We retrieve a set of 227 highly diverse molecules from a previous virtual screen of an A2AR homology model based on the beta-1 adrenergic receptor

  • Screening Results:
    • Top Performers: Among these, 8 molecules were found to have very high inhibition capabilities, with biochemically confirmed activity.
    • Strong Candidates: An additional 12 compounds demonstrated medium to high inhibition, marking them as significant findings (these 20 compounds are the original hits, all with IC50 values below 100 μM).
    • Consistent Activity: 33 molecules showed consistent activity across two data points, though they either did not undergo dose-response testing or had IC50 values greater than 100 μM upon further analysis.
    • Potential Interest: A further 100 compounds exhibited some level of activity but were characterized by low or variable inhibition levels.

Decoys

They used a common DUD-E approach:

DUD-E style decoys were automatically generated using the DUD-E online generation tool. DUD-E generates matched decoy sets with similar physicochemical properties to the true ligand but dissimilar 2D topology. This ensures that the docking adds value beyond selecting true positives by their physical properties but also minimizes the likelihood that the decoys would in fact actually bind. It is important to stress that such a decoy set by design challenges structure-based methods (docking), but will always perform well in a ligand-based method and should never be used to test these.

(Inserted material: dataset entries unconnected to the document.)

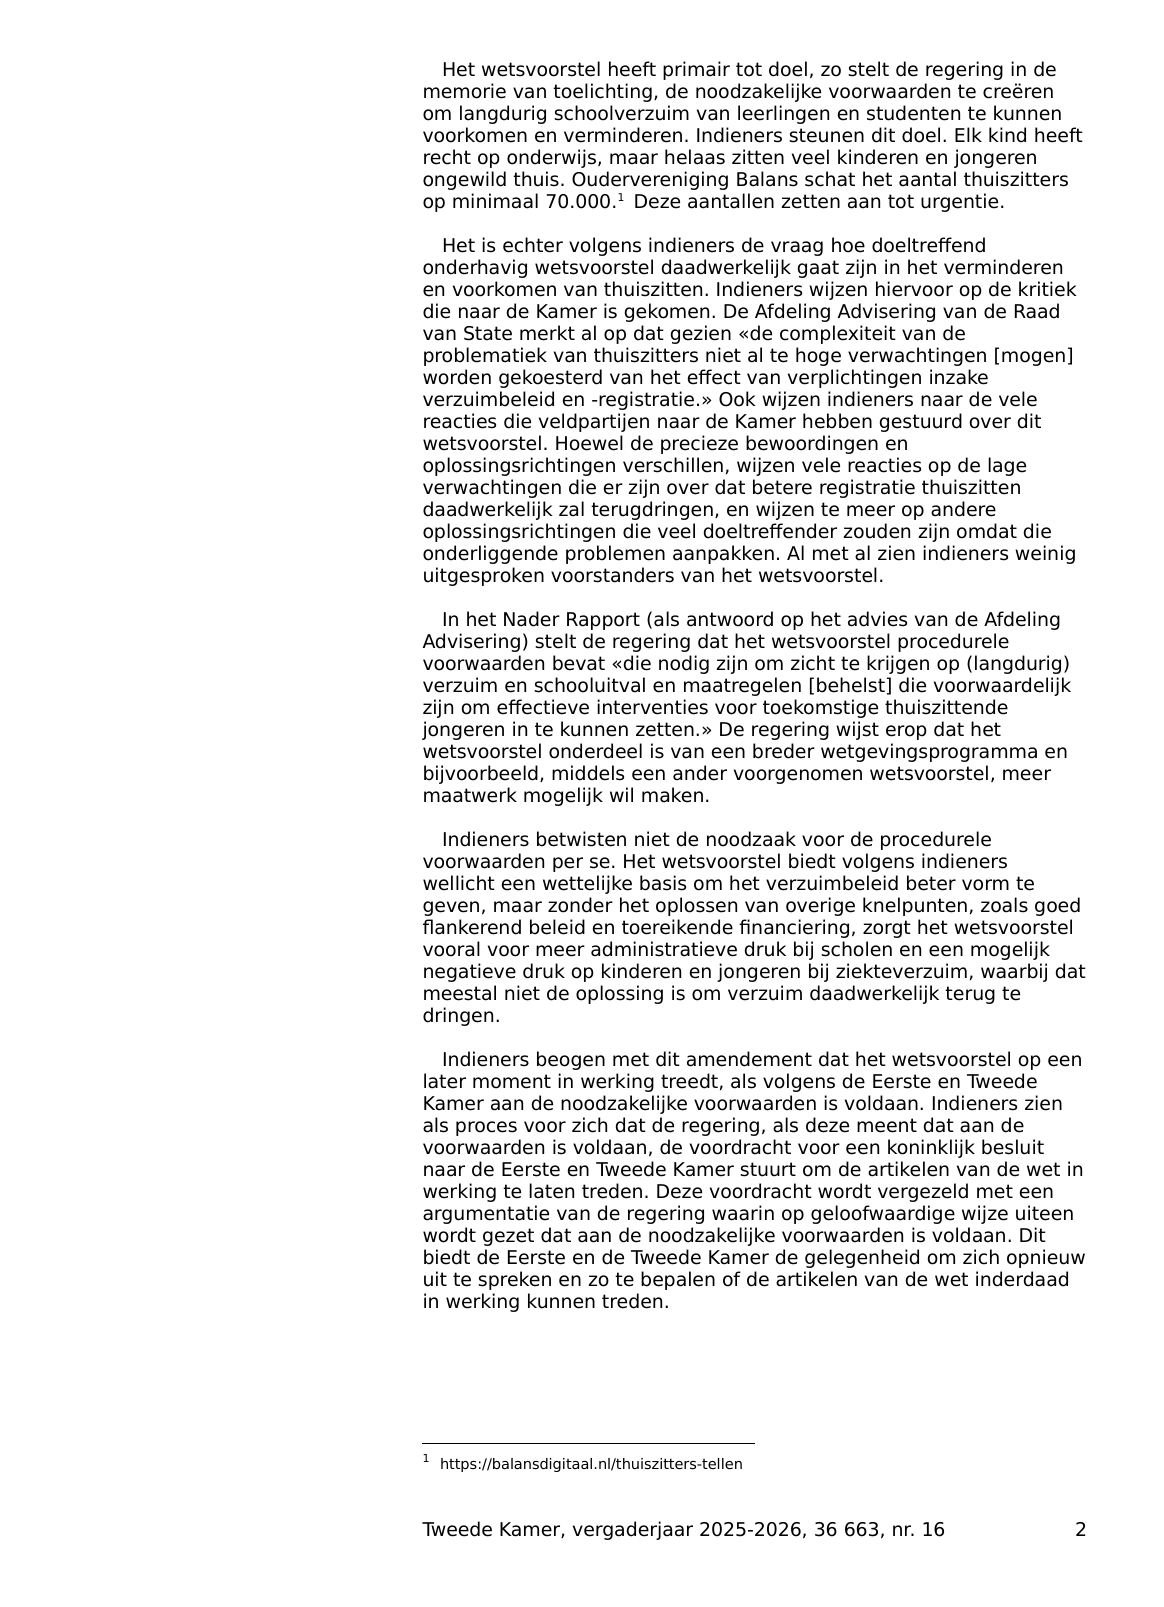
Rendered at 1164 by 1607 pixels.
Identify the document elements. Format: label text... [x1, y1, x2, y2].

text Indieners beogen met dit amendement dat het wetsvoorstel op een later moment in werking treedt, als volgens de Eerste en Tweede Kamer aan de noodzakelijke voorwaarden is voldaan. Indieners zien als proces voor zich dat de regering, als deze meent dat aan de voorwaarden is voldaan, de voordracht voor een koninklijk besluit naar de Eerste en Tweede Kamer stuurt om de artikelen van de wet in werking te laten treden. Deze voordracht wordt vergezeld met een argumentatie van de regering waarin op geloofwaardige wijze uiteen wordt gezet dat aan de noodzakelijke voorwaarden is voldaan. Dit biedt de Eerste en de Tweede Kamer de gelegenheid om zich opnieuw uit te spreken en zo te bepalen of de artikelen van de wet inderdaad in werking kunnen treden. [422, 1049, 1087, 1313]
text In het Nader Rapport (als antwoord op het advies van de Afdeling Advisering) stelt de regering dat het wetsvoorstel procedurele voorwaarden bevat «die nodig zijn om zicht te krijgen op (langdurig) verzuim en schooluitval en maatregelen [behelst] die voorwaardelijk zijn om effectieve interventies voor toekomstige thuiszittende jongeren in te kunnen zetten.» De regering wijst erop dat het wetsvoorstel onderdeel is van een breder wetgevingsprogramma en bijvoorbeeld, middels een ander voorgenomen wetsvoorstel, meer maatwerk mogelijk wil maken. [422, 609, 1087, 807]
text Het wetsvoorstel heeft primair tot doel, zo stelt de regering in de memorie van toelichting, de noodzakelijke voorwaarden te creëren om langdurig schoolverzuim van leerlingen en studenten te kunnen voorkomen en verminderen. Indieners steunen dit doel. Elk kind heeft recht op onderwijs, maar helaas zitten veel kinderen en jongeren ongewild thuis. Oudervereniging Balans schat het aantal thuiszitters op minimaal 70.000. Deze aantallen zetten aan tot urgentie. [422, 59, 1087, 213]
text Indieners betwisten niet de noodzaak voor de procedurele voorwaarden per se. Het wetsvoorstel biedt volgens indieners wellicht een wettelijke basis om het verzuimbeleid beter vorm te geven, maar zonder het oplossen van overige knelpunten, zoals goed flankerend beleid en toereikende financiering, zorgt het wetsvoorstel vooral voor meer administratieve druk bij scholen en een mogelijk negatieve druk op kinderen en jongeren bij ziekteverzuim, waarbij dat meestal niet de oplossing is om verzuim daadwerkelijk terug te dringen. [422, 829, 1087, 1027]
text Het is echter volgens indieners de vraag hoe doeltreffend onderhavig wetsvoorstel daadwerkelijk gaat zijn in het verminderen en voorkomen van thuiszitten. Indieners wijzen hiervoor op de kritiek die naar de Kamer is gekomen. De Afdeling Advisering van de Raad van State merkt al op dat gezien «de complexiteit van de problematiek van thuiszitters niet al te hoge verwachtingen [mogen] worden gekoesterd van het effect van verplichtingen inzake verzuimbeleid en -registratie.» Ook wijzen indieners naar de vele reacties die veldpartijen naar de Kamer hebben gestuurd over dit wetsvoorstel. Hoewel de precieze bewoordingen en oplossingsrichtingen verschillen, wijzen vele reacties op de lage verwachtingen die er zijn over dat betere registratie thuiszitten daadwerkelijk zal terugdringen, en wijzen te meer op andere oplossingsrichtingen die veel doeltreffender zouden zijn omdat die onderliggende problemen aanpakken. Al met al zien indieners weinig uitgesproken voorstanders van het wetsvoorstel. [422, 235, 1087, 587]
text https://balansdigitaal.nl/thuiszitters-tellen [422, 1452, 1087, 1474]
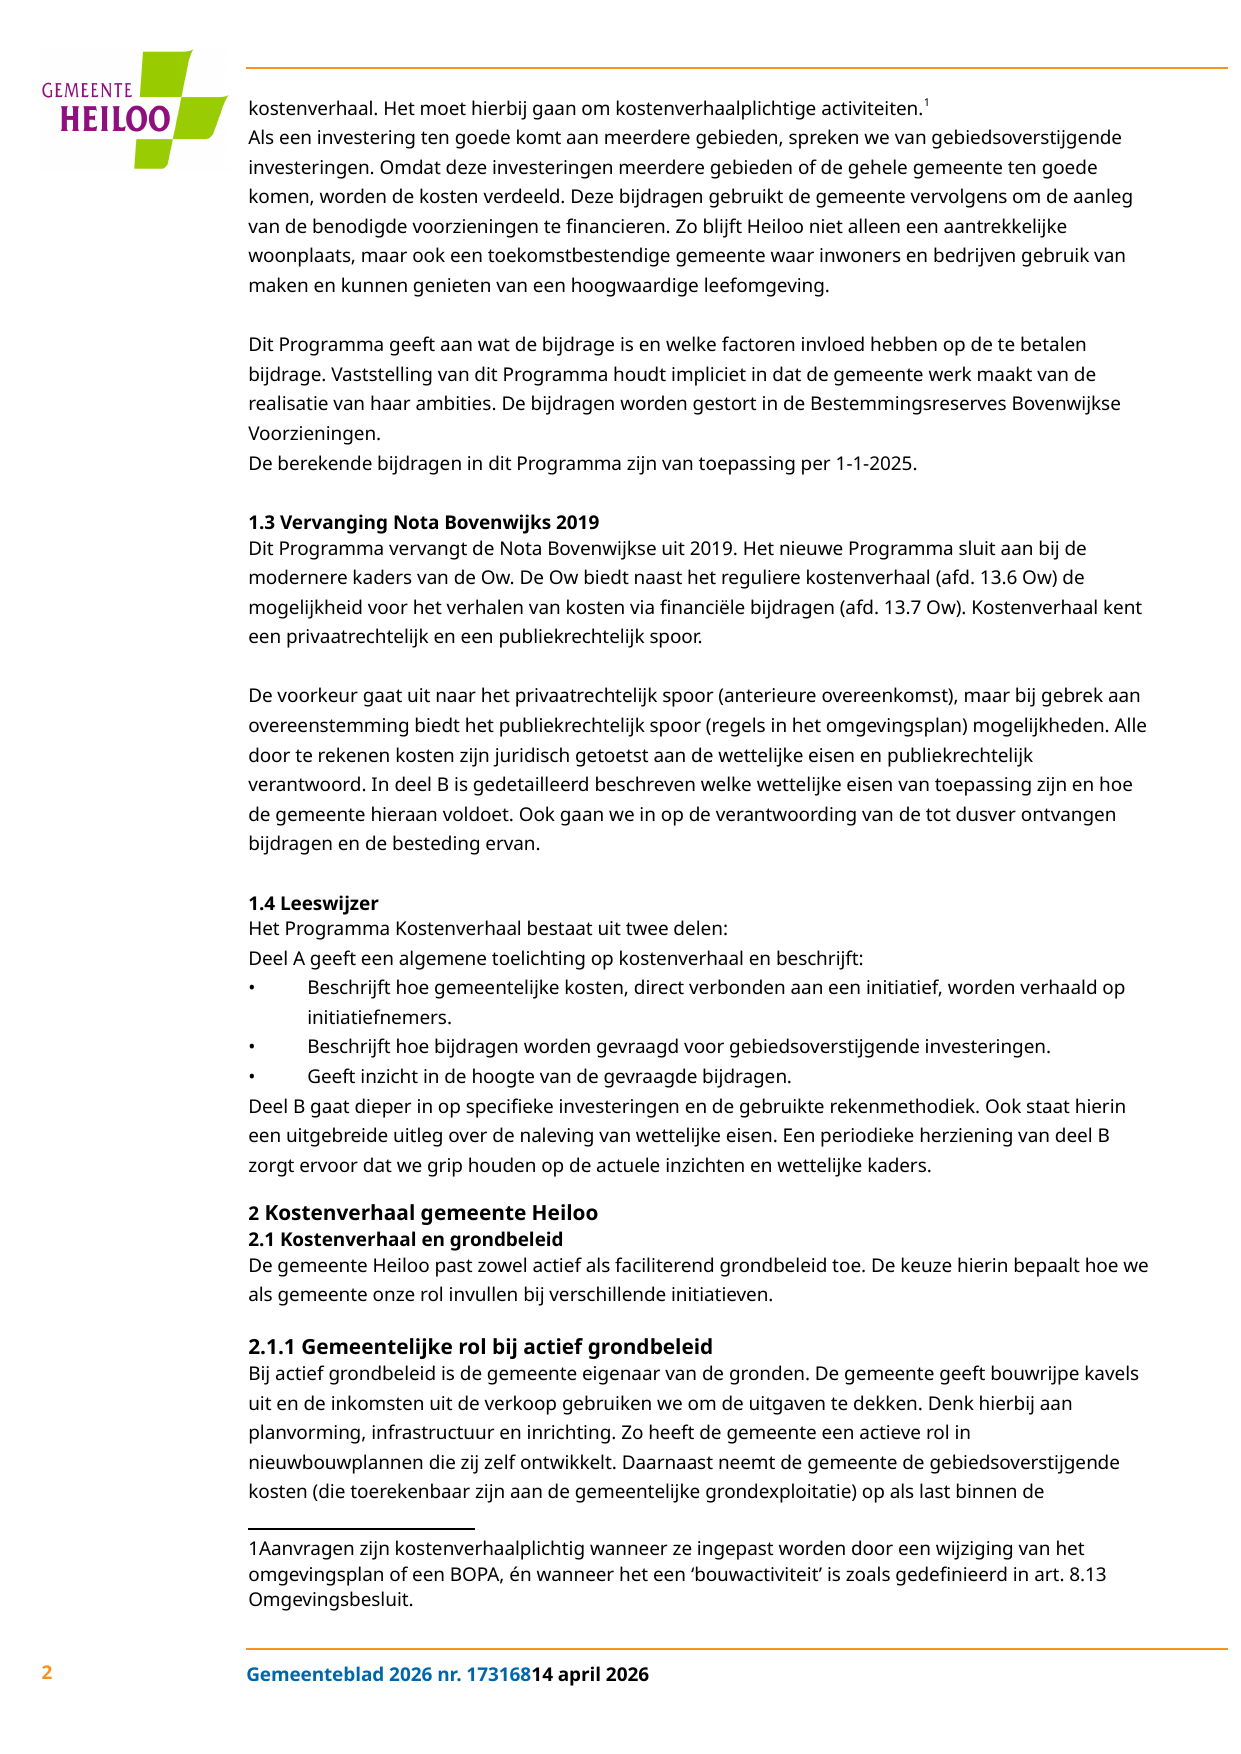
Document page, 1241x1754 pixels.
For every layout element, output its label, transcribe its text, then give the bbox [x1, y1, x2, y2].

text Bij actief grondbeleid is de gemeente eigenaar van de gronden. De gemeente geeft bouwrijpe kavels uit en de inkomsten uit de verkoop gebruiken we om de uitgaven te dekken. Denk hierbij aan planvorming, infrastructuur en inrichting. Zo heeft de gemeente een actieve rol in nieuwbouwplannen die zij zelf ontwikkelt. Daarnaast neemt de gemeente de gebiedsoverstijgende kosten (die toerekenbaar zijn aan de gemeentelijke grondexploitatie) op als last binnen de [248, 1360, 1152, 1504]
text De gemeente Heiloo past zowel actief als faciliterend grondbeleid toe. De keuze hierin bepaalt hoe we als gemeente onze rol invullen bij verschillende initiatieven. [248, 1252, 1152, 1307]
text 2.1.1 Gemeentelijke rol bij actief grondbeleid [248, 1332, 1152, 1360]
text De voorkeur gaat uit naar het privaatrechtelijk spoor (anterieure overeenkomst), maar bij gebrek aan overeenstemming biedt het publiekrechtelijk spoor (regels in het omgevingsplan) mogelijkheden. Alle door te rekenen kosten zijn juridisch getoetst aan de wettelijke eisen en publiekrechtelijk verantwoord. In deel B is gedetailleerd beschreven welke wettelijke eisen van toepassing zijn en hoe de gemeente hieraan voldoet. Ook gaan we in op de verantwoording van de tot dusver ontvangen bijdragen en de besteding ervan. [248, 683, 1152, 856]
text Deel B gaat dieper in op specifieke investeringen en de gebruikte rekenmethodiek. Ook staat hierin een uitgebreide uitleg over de naleving van wettelijke eisen. Een periodieke herziening van deel B zorgt ervoor dat we grip houden op de actuele inzichten en wettelijke kaders. [248, 1093, 1152, 1178]
picture [41, 47, 231, 172]
list Beschrijft hoe bijdragen worden gevraagd voor gebiedsoverstijgende investeringen. [248, 1034, 1152, 1059]
text 1.4 Leeswijzer [248, 890, 1152, 915]
text 1.3 Vervanging Nota Bovenwijks 2019 [248, 509, 1152, 535]
text kostenverhaal. Het moet hierbij gaan om kostenverhaalplichtige activiteiten. [248, 95, 1152, 121]
text 2.1 Kostenverhaal en grondbeleid [248, 1226, 1152, 1252]
list Beschrijft hoe gemeentelijke kosten, direct verbonden aan een initiatief, worden verhaald op initiatiefnemers. [248, 974, 1152, 1030]
text Het Programma Kostenverhaal bestaat uit twee delen: [248, 915, 1152, 941]
text Deel A geeft een algemene toelichting op kostenverhaal en beschrijft: [248, 945, 1152, 971]
text De berekende bijdragen in dit Programma zijn van toepassing per 1-1-2025. [248, 450, 1152, 476]
text Als een investering ten goede komt aan meerdere gebieden, spreken we van gebiedsoverstijgende investeringen. Omdat deze investeringen meerdere gebieden of de gehele gemeente ten goede komen, worden de kosten verdeeld. Deze bijdragen gebruikt de gemeente vervolgens om de aanleg van de benodigde voorzieningen te financieren. Zo blijft Heiloo niet alleen een aantrekkelijke woonplaats, maar ook een toekomstbestendige gemeente waar inwoners en bedrijven gebruik van maken en kunnen genieten van een hoogwaardige leefomgeving. [248, 124, 1152, 298]
text Dit Programma vervangt de Nota Bovenwijkse uit 2019. Het nieuwe Programma sluit aan bij de modernere kaders van de Ow. De Ow biedt naast het reguliere kostenverhaal (afd. 13.6 Ow) de mogelijkheid voor het verhalen van kosten via financiële bijdragen (afd. 13.7 Ow). Kostenverhaal kent een privaatrechtelijk en een publiekrechtelijk spoor. [248, 535, 1152, 649]
text Aanvragen zijn kostenverhaalplichtig wanneer ze ingepast worden door een wijziging van het omgevingsplan of een BOPA, én wanneer het een ‘bouwactiviteit’ is zoals gedefinieerd in art. 8.13 Omgevingsbesluit. [248, 1535, 1152, 1612]
text 2 Kostenverhaal gemeente Heiloo [248, 1198, 1152, 1226]
list Geeft inzicht in de hoogte van de gevraagde bijdragen. [248, 1063, 1152, 1089]
text Dit Programma geeft aan wat de bijdrage is en welke factoren invloed hebben op de te betalen bijdrage. Vaststelling van dit Programma houdt impliciet in dat de gemeente werk maakt van de realisatie van haar ambities. De bijdragen worden gestort in de Bestemmingsreserves Bovenwijkse Voorzieningen. [248, 331, 1152, 446]

Protein Structure Selection

A single X-ray structure was chosen for each target in the docking studies, with preference given to the highest resolution structure available.

This is more sophisticated than LIT PCBA, but simply picking highest resolution is not always ideal. They are experts (this is Heptares, a very famous and successful drug discovery company focused on virtual screening of GPCRs - Michael from my group worked there) and I am sure they are aware.

Ligand Preparation for Docking

I won't quote it all here, but it is a more or less "normal" ligand preparation workflow. A key difference for us is that we typically only consider the most probable 3D structure for a given input. They allow for more than one 3D structure. They also say they make low energy conformers, but this part is confusing to me because they use Glide as their docking engine. Glide does a 'ConfGen' during it's docking (this makes low energy conformers that are attempted to be docked to the protein via the grid). However, it's not worth stressing over. We do a very similar approach. They just seem to be sampling more conformers than default.

Docking

Not much to really say because I doubt we would copy this exactly, they use Glide and other stuff post processing tools we either aren't using or don't have (not having WaterMap is a shame). Some nice commentary later on the choice of PDB (!) in terms of docking outcomes.

We chose 200 maximally diverse ligands based on ECFP4 fingerprints (or included all where <200 annotated ligands). For each ligand, an average of 60 computational decoys was generated using the online DUD-E tool (http://dude.docking.org/generate). The entire set is available for download at http://dude.docking.org/heptares.

Conclusion

I figure this might be a good intro into how and why you make datasets in a certain way, I am now going to play around in ChEMBL and see what's possible.

We should also discuss choosing protein structures and docking itself later.